Brüssel Urteil bei Pkw-Maut könnte erst in fünf Jahren kommen

Brüssel · Das Schicksal der von der CSU vorangetriebenen Pkw-Maut entscheidet sich vor dem Europäischen Gerichtshof (EuGH). Die EU-Kommission teilte gestern mit, dass Deutschland ihre grundsätzlichen Bedenken gegen die Maut nicht ausgeräumt habe. Sie werde Deutschland nun vor dem EuGH verklagen. "Nach Auffassung der Kommission ist die Pkw-Maut diskriminierend", erklärte die EU.
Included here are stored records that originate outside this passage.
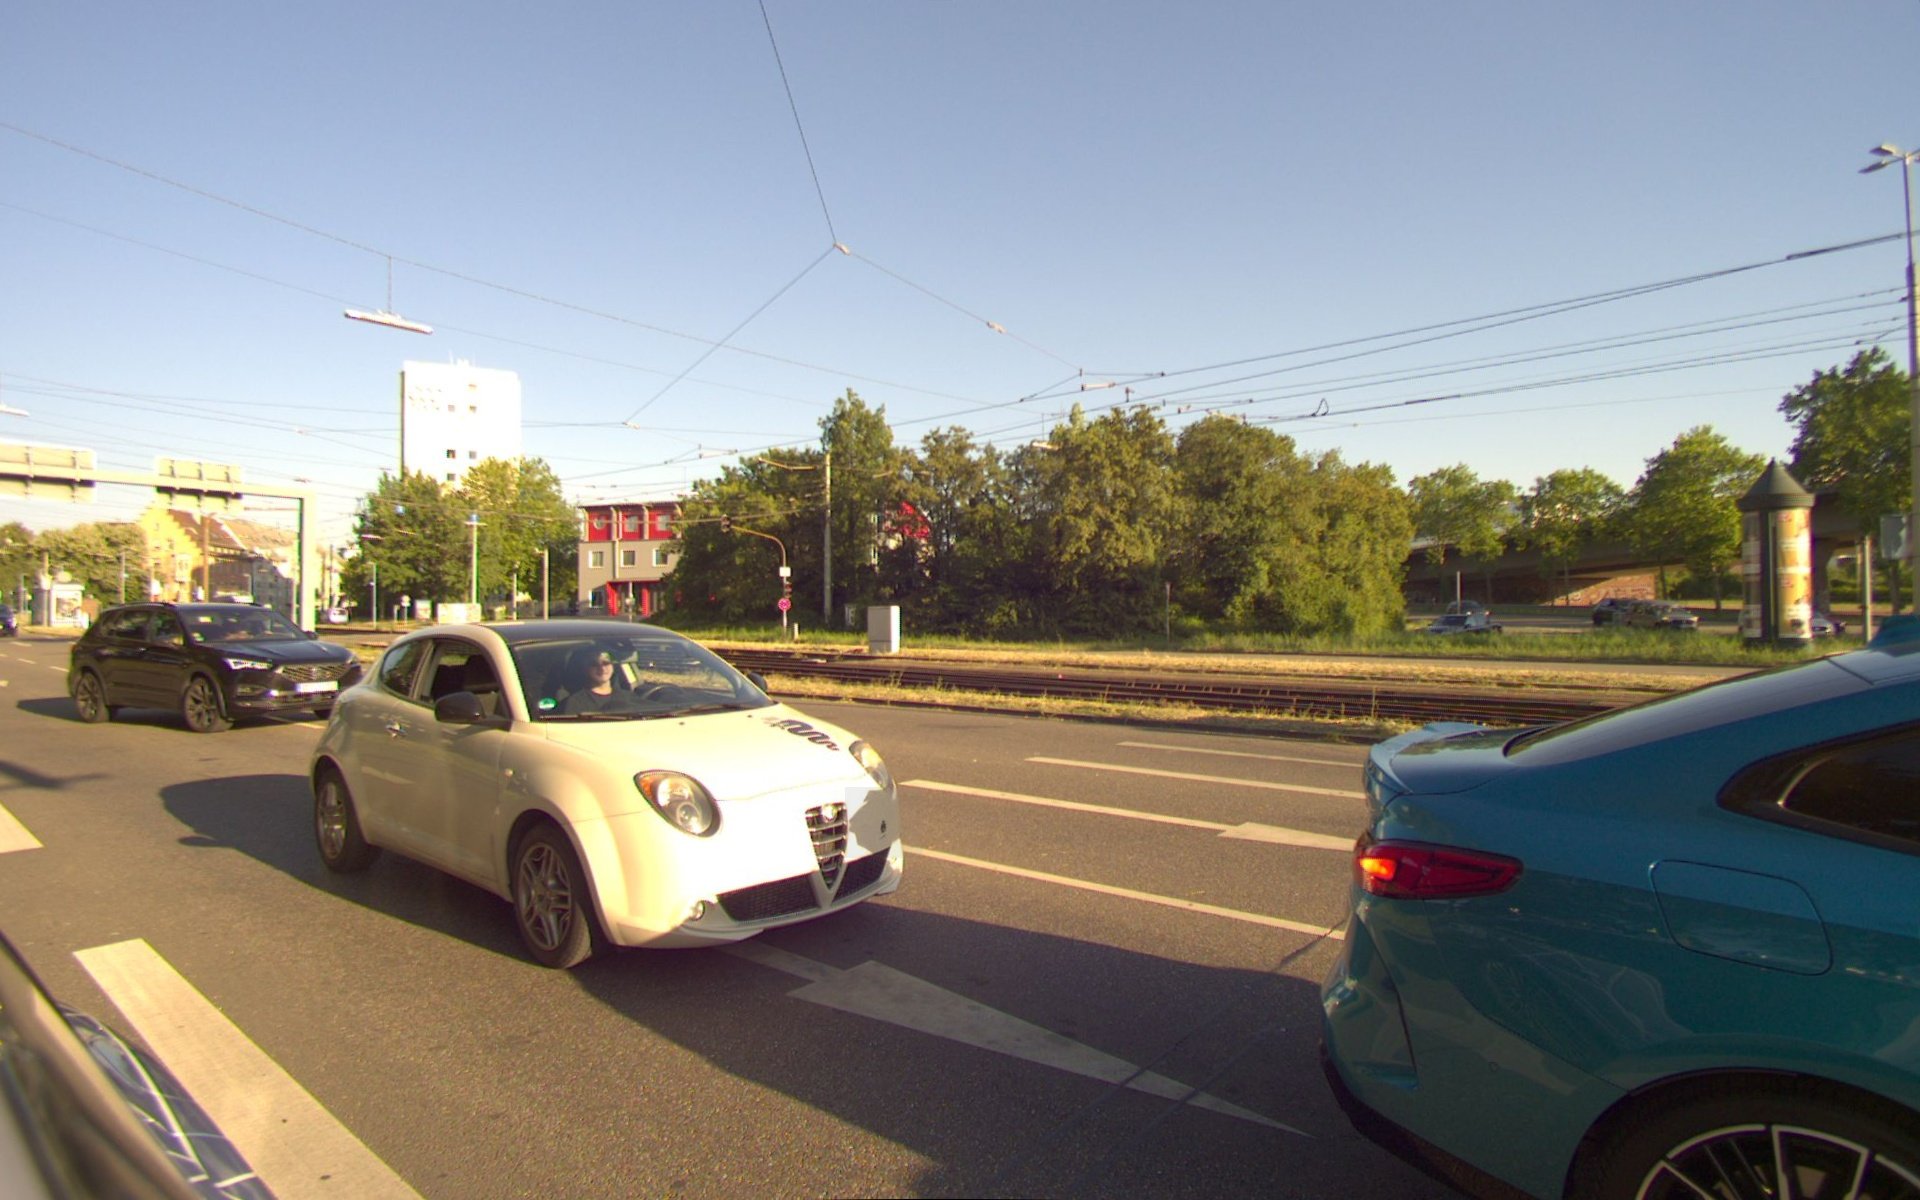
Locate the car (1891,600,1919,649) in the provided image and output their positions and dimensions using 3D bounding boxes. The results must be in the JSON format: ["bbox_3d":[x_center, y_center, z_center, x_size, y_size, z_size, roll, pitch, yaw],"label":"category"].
[{"bbox_3d":[31.803,0.773,31.679,1.676,1.586,4.748,-1,-1,12],"label":"car"}]

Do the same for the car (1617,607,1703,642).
[{"bbox_3d":[36.213,1.229,52.511,1.673,1.691,4.406,-1,-1,6],"label":"car"}]

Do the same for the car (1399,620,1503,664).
[{"bbox_3d":[20.983,1.740,43.203,4.675,1.691,1.759,0,-1,-31],"label":"car"}]

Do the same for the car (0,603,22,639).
[{"bbox_3d":[-46.896,1.013,48.790,4.272,1.674,1.882,-1,-1,39],"label":"car"}]

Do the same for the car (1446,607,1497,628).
[{"bbox_3d":[38.536,1.320,76.363,1.699,1.537,3.936,-1,-1,-1],"label":"car"}]

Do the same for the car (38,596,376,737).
[{"bbox_3d":[-10.375,0.835,13.909,4.597,1.692,1.804,-1,-1,25],"label":"car"}]

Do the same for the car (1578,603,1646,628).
[{"bbox_3d":[41.709,0.964,64.836,1.602,1.537,4.410,-1,-1,2],"label":"car"}]

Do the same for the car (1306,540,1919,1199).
[{"bbox_3d":[2.883,0.639,1.450,4.201,1.477,1.697,-2,-2,38],"label":"car"}]

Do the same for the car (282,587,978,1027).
[{"bbox_3d":[-1.992,0.770,5.462,3.997,1.517,1.719,-2,-2,40],"label":"car"}]

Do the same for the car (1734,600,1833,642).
[{"bbox_3d":[33.948,0.846,41.867,1.679,1.643,4.263,-1,-1,17],"label":"car"}]

Die Maut sollte schon Anfang 2016 in Kraft treten. Sie liegt wegen des Streits mit der EU-Kommission aber auf Eis. Die deutsche Maut würde zwar für In- und Ausländer fällig. Inländer sollen aber über die Kfz-Steuer genau in Höhe der Maut entlastet werden. Dies führte faktisch zu einer Befreiung von der Maut, kritisierte die Kommission. Sie sieht darin eine Diskriminierung ausländischer Autofahrer. Zudem seien die Preise für Kurzzeitvignetten (für Zeiträume unter einem Jahr) in einigen Fällen unverhältnismäßig hoch, so die EU. Diese Vignetten soll es für in anderen Ländern zugelassene Fahrzeuge geben.

Bundesverkehrsminister Alexander Dobrindt (CSU) gab sich zuversichtlich: "Endlich macht die Kommission den nächsten Schritt. Brüssel hat das Verfahren schon viel zu lange verzögert. Die Infrastrukturabgabe ist europarechtskonform, das wird der Europäische Gerichtshof bestätigen." Der Koalitionspartner SPD blieb auf Distanz. "Die Maut war nie eine Herzensangelegenheit der SPD", sagte die Geschäftsführerin der SPD-Bundestagsfraktion, Christine Lambrecht. Man habe dieses CSU-Projekt trotz zahlreicher Bedenken mitgetragen, weil die SPD im Gegenzug zentrale Forderungen wie den Mindestlohn, die Mietpreisbremse und die Frauenquote durchsetzen konnte.

Allerdings rechnet niemand damit, dass der Europäische Gerichtshof noch vor der Bundestagswahl 2017 ein Urteil fällt. Beobachter gehen davon aus, dass das Gerichtsverfahren bis zu fünf Jahre dauern könnte. Das Urteil wird Dobrindt kaum mehr als Verkehrsminister erleben. Gravierende Konsequenzen drohen Deutschland selbst bei einer Verurteilung nicht. Denn die Bundesregierung hat die umstrittene Pkw-Maut auf Eis gelegt, als die EU-Kommission ein Vertragsverletzungsverfahren angekündigt hat. Damit wurde das Gesetz, mit dem womöglich gegen EU-Recht verstoßen wird, niemals angewendet. Daher dürfen auch keine Strafzahlungen gegen Deutschland verhängt werden.

Nach EU-Recht dürfen die Mitgliedstaaten zwar Straßenbenutzungsgebühren für Lkw und Pkw einführen. Dann muss aber gleiches Recht für alle gelten. "Eine Straßennutzungsgebühr ist nur EU-konform, wenn sie nicht aufgrund der Staatsangehörigkeit diskriminiert", hatte EU-Verkehrskommissarin Violeta Bulc bereits zum Start der Untersuchung 2015 gesagt.

Grünen-Fraktionschef Anton Hofreiter sprach von einer "Klatsche mit Ansage", die "hochnotpeinlich" sei für die Bundesregierung. "Für die Bundesregierung ist es überfällig, diese Maut endlich zurückzuziehen, um noch größeren Schaden zu vermeiden." Der Verkehrsclub Deutschland erklärte, die Pkw-Maut sei "ökologisch sinnlos, unsozial und ausländerfeindlich".